I was strutting around South Chicago one time, a 17-year-old boot sailor out and about on a summer day when it was ninety nasty urban degrees no matter which way I turned. Already dizzied by way too many quarter-the-glass draft beers from "Jeannie's Bar," not too far from Midway Airport, I was walking approximately toward a party at the home of a buddy's fiancee's parents.
With a few minutes to kill, I blundered into a second saloon and downed yet another twentyfive-cent beer, just before the hulking man-mountain on the next stool offered to buy me a drink, something that useta happen quite often when one wore one of Uncle Sugar's monkey suits in public.
"Sure," says I, asking for another beer.
"Nah," speaks up the enormous guy who's buying. "Have a real drink, a man's drink. Have a martini."
Y'all need to remember I was a small town boy only recently turned loose on a big world, with access to all sorts of things Mama never meant her boy to know about.
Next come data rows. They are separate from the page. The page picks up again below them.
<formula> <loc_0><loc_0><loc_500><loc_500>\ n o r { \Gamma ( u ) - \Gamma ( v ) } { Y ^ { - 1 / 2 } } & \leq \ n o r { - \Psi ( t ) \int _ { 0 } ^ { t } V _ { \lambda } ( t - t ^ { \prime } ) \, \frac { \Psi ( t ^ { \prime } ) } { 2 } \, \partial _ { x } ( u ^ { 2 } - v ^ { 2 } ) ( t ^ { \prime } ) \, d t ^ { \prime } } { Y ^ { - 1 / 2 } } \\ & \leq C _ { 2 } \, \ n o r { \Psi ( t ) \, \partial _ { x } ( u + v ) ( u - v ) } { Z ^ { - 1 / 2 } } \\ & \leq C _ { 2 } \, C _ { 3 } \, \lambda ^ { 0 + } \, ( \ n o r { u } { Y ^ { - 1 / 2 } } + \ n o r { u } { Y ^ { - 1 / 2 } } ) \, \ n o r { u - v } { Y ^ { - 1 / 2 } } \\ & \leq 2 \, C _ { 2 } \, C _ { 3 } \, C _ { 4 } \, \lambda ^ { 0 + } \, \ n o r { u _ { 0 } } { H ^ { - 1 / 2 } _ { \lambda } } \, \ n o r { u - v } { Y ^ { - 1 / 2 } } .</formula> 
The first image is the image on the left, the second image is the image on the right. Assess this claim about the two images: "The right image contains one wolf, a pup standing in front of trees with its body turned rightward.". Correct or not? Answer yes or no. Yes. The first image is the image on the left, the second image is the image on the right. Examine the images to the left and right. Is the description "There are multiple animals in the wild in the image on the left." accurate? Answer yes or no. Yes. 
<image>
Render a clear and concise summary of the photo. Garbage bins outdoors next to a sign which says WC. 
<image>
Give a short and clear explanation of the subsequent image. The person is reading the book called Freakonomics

I'd learnt what beer was, knew the difference between red whiskey and white, and could testify orange flavored vodka and Bali Hai wine were both almost drinkable. But I had escaped home without ever getting the first clue what was in a martini... I'd seen lots of them on tee vee shows though, served in glasses that looked something like an upside down witch's hat with an antenna. Or maybe it was a radar dish. Whatever it was, hat or radar, it looked pretty cool on tee vee or in the movies, where people seemed to find them awfully tasty.
Couple things made me realize ignorance ain't always bliss when I lifted that cute glass near enough to smell its contents.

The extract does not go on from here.